• [Work to be completed] Examine the entries and show every line in which the word "ProxyCommandProvider" is found.

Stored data
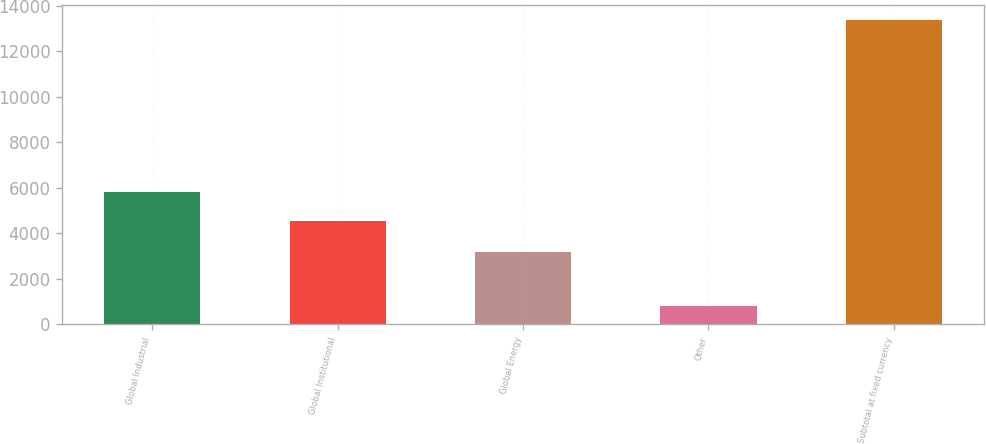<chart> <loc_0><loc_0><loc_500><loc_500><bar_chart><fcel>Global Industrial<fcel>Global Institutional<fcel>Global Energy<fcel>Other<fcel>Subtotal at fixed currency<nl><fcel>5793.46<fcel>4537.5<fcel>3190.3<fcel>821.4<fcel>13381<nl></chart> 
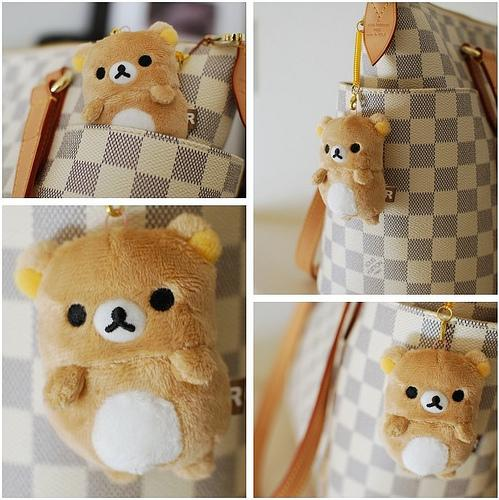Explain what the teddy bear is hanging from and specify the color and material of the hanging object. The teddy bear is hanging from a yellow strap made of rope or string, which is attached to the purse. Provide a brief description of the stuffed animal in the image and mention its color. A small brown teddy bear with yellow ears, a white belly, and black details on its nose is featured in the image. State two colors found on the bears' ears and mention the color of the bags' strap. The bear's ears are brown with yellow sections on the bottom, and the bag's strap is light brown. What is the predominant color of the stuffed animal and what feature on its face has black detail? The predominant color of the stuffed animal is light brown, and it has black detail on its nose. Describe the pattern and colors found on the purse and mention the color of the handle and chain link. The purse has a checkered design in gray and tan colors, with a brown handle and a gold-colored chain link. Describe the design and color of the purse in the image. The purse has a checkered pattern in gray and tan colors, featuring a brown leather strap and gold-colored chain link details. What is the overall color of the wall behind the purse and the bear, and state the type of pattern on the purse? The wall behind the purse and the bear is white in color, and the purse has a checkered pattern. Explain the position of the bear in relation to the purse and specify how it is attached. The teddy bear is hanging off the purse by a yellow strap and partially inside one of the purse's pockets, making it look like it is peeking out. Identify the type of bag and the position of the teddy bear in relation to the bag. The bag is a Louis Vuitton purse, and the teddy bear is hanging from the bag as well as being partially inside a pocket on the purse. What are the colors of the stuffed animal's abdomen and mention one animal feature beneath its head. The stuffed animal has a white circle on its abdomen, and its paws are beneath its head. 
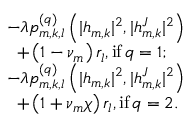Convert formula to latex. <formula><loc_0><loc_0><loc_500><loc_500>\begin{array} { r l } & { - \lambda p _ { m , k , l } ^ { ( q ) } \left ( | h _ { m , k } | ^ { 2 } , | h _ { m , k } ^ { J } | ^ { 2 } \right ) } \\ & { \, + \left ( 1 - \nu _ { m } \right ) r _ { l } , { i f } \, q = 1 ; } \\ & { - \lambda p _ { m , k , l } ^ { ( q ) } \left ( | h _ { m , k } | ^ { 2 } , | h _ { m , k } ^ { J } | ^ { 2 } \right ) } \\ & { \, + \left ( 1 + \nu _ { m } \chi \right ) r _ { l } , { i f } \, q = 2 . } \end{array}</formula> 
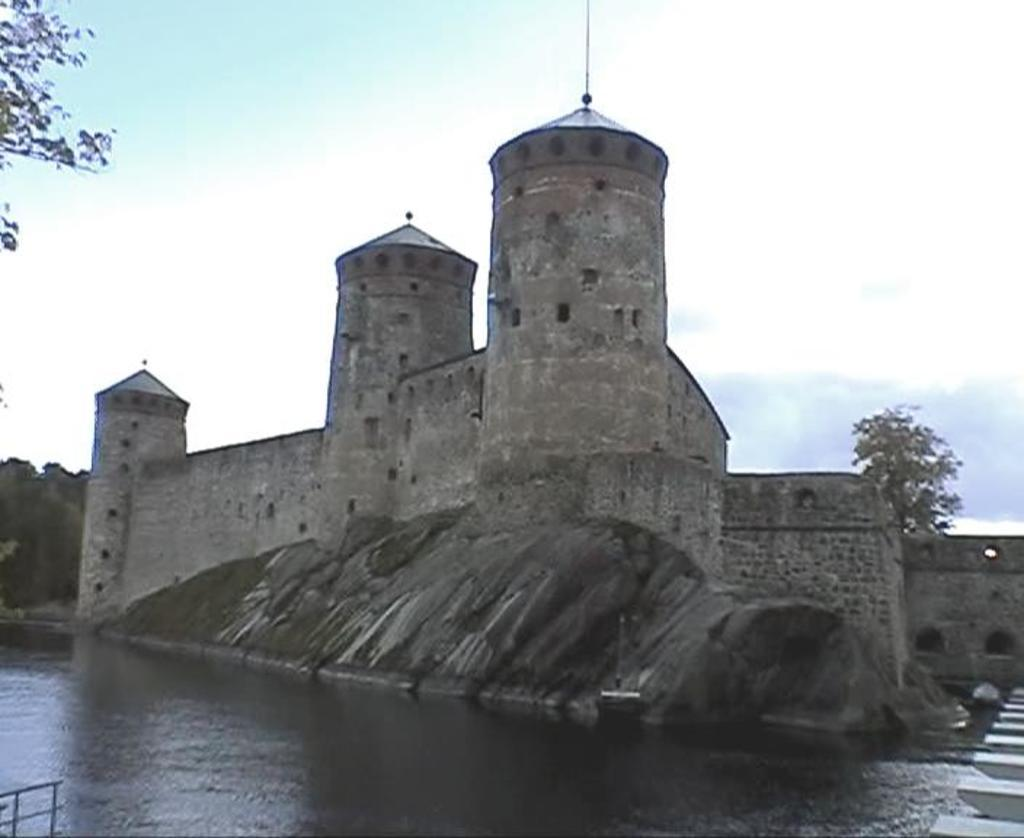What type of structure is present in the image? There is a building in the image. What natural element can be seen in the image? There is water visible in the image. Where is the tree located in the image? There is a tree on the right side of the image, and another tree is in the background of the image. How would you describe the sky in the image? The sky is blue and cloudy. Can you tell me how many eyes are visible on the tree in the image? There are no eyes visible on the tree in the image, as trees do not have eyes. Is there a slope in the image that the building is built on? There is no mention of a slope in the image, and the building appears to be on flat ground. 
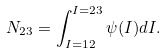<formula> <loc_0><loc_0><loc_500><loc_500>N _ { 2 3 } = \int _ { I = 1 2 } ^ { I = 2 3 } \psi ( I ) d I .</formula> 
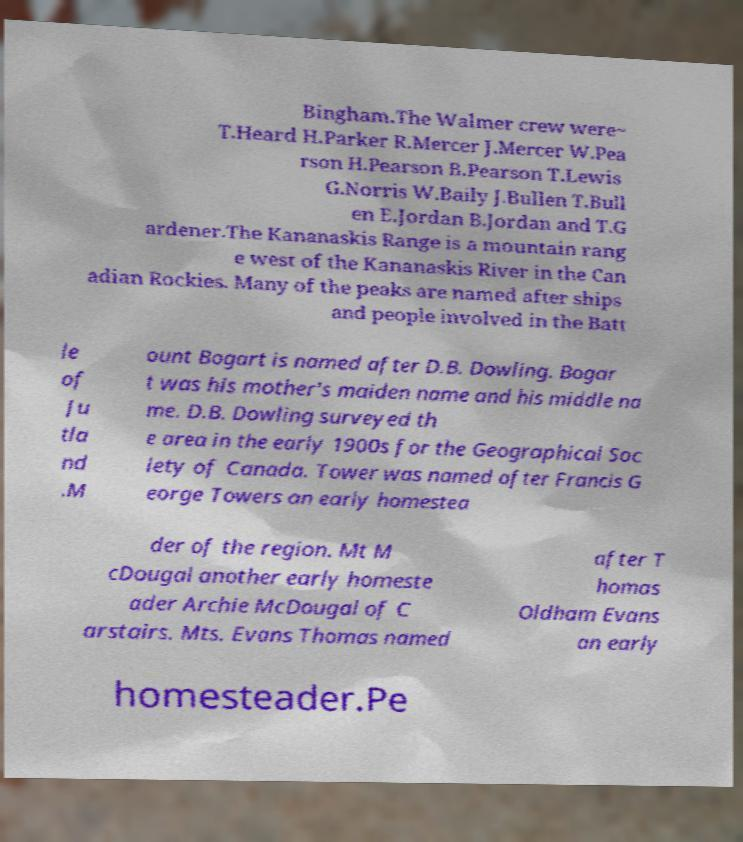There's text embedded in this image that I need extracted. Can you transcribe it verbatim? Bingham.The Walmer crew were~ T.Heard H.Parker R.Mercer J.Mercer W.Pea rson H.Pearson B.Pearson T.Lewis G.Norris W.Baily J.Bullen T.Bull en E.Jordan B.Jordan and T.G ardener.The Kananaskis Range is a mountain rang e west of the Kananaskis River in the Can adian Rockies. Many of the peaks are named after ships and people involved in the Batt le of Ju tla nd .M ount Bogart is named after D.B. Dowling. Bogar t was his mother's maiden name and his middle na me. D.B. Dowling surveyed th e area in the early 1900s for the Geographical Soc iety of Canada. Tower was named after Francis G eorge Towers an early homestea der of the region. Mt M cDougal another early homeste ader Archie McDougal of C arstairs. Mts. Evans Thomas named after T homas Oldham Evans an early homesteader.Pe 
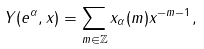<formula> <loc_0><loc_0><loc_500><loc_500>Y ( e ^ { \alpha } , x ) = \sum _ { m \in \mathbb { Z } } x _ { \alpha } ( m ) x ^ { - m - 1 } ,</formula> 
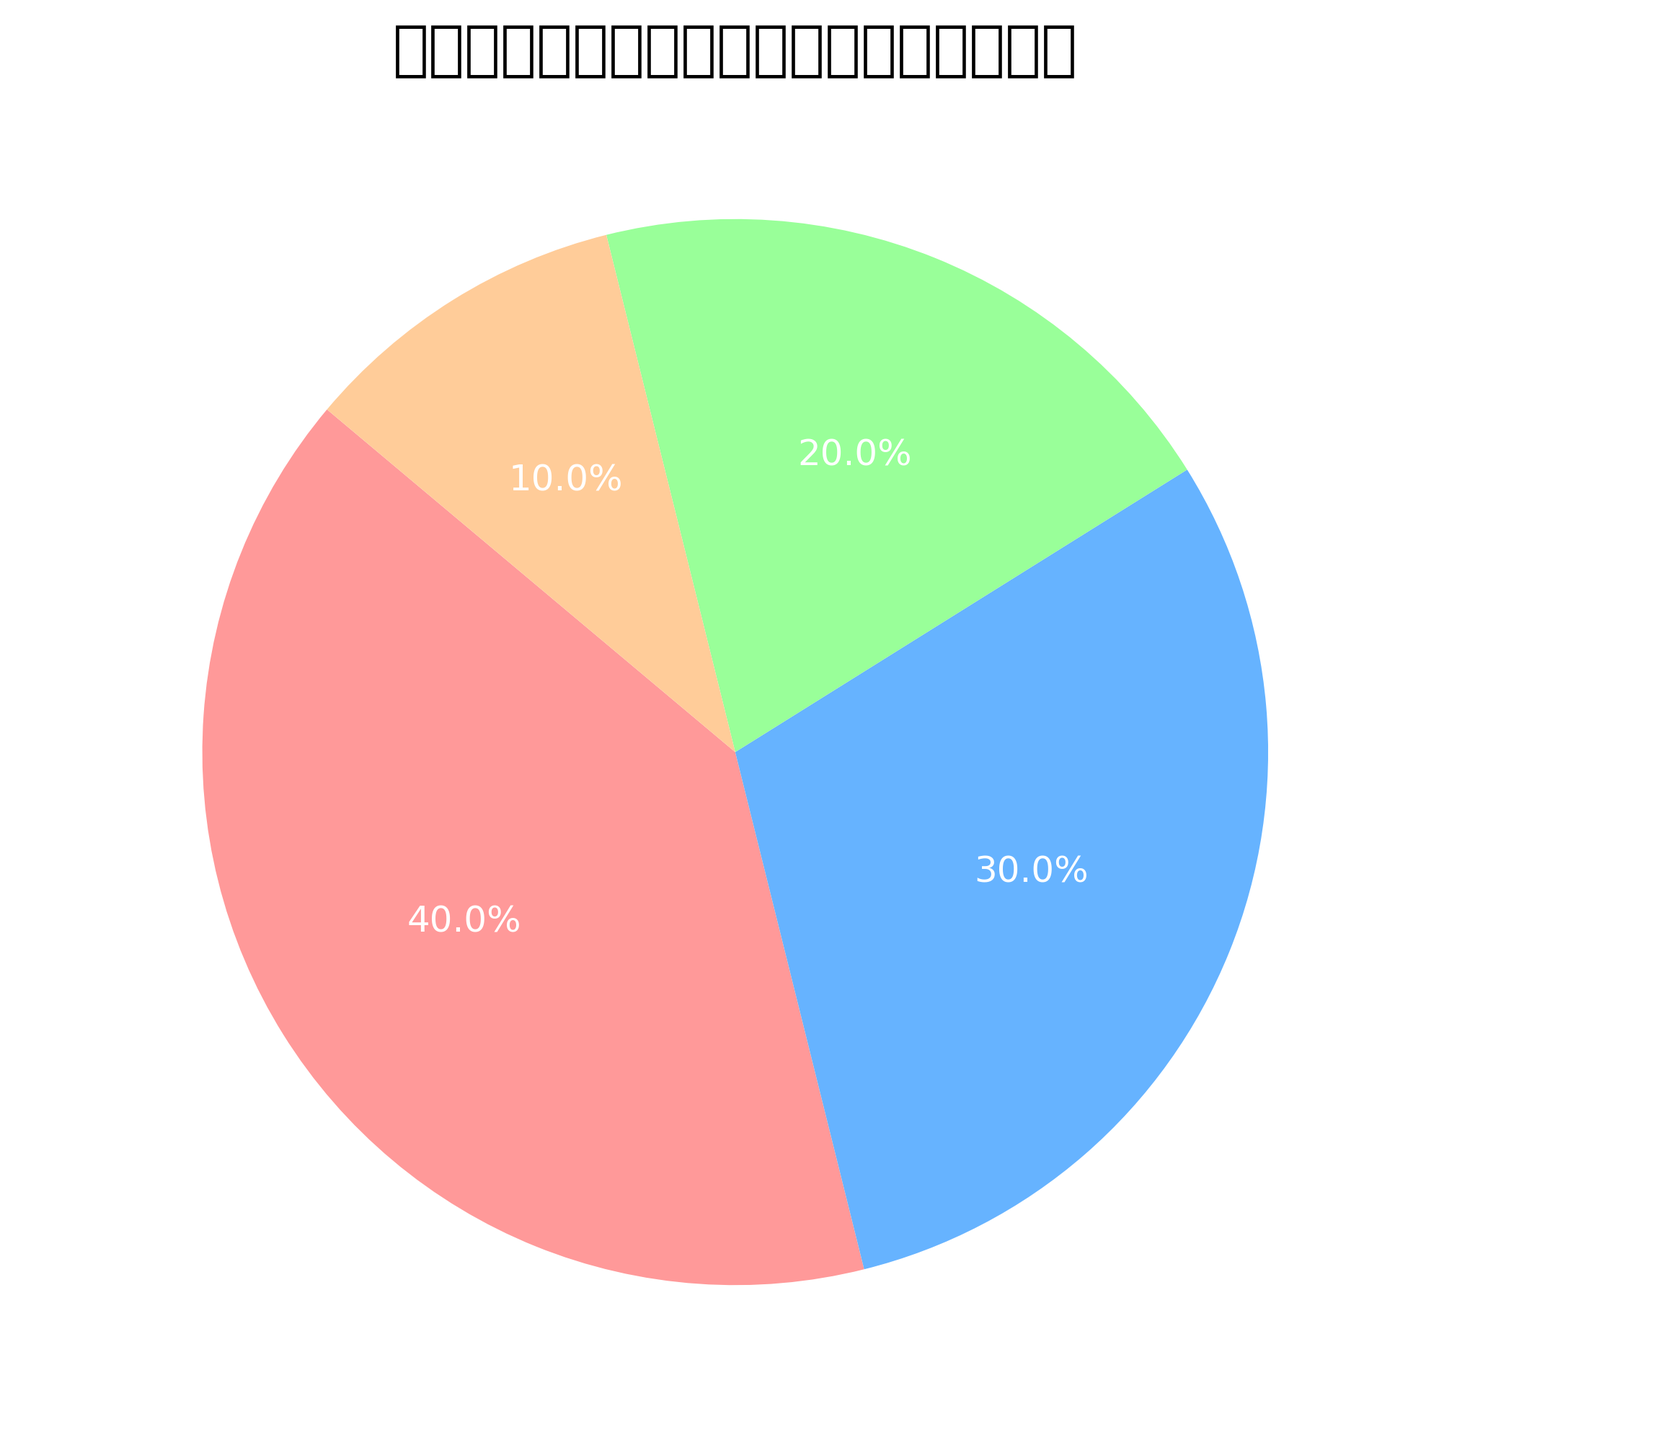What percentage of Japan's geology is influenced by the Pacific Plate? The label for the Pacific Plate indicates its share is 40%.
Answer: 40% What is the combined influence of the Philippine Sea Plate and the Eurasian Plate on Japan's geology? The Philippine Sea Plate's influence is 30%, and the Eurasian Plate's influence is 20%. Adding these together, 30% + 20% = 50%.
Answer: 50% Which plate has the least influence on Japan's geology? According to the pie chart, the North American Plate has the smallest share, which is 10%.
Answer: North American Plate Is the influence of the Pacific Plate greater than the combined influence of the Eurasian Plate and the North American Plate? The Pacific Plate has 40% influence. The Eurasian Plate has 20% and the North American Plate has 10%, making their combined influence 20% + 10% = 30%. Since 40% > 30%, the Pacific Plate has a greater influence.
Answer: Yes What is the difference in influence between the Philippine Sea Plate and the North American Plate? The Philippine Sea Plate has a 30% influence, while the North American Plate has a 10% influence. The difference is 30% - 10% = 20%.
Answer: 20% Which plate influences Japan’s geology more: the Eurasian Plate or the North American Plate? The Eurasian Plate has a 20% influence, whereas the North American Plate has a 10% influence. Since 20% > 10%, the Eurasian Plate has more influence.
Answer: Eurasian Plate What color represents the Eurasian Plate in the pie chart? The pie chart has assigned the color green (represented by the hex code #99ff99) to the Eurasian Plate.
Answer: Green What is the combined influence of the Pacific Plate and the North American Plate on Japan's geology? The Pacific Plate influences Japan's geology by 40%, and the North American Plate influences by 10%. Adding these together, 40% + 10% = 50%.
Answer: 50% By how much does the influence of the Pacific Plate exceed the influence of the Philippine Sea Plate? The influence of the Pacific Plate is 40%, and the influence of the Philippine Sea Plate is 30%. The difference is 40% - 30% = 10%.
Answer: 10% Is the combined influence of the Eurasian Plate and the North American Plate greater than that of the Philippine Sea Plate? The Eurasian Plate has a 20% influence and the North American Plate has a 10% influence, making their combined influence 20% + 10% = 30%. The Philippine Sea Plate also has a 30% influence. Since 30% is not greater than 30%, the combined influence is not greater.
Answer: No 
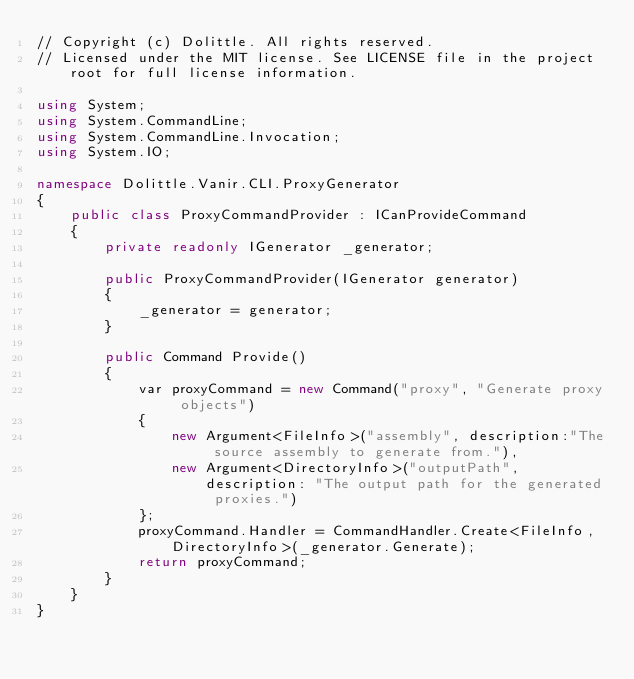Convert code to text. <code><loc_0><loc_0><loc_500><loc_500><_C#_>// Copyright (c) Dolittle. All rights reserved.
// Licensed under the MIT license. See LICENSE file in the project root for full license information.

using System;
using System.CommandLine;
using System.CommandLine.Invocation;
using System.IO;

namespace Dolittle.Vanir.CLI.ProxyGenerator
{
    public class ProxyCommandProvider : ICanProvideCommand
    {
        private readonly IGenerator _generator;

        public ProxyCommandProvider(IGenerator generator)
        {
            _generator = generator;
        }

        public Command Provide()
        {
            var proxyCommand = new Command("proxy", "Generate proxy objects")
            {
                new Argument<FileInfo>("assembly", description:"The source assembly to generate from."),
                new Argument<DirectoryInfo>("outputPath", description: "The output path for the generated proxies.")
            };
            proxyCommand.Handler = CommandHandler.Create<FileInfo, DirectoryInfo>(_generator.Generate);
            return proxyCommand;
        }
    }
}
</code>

• [Answer space]
    public class ProxyCommandProvider : ICanProvideCommand
        public ProxyCommandProvider(IGenerator generator)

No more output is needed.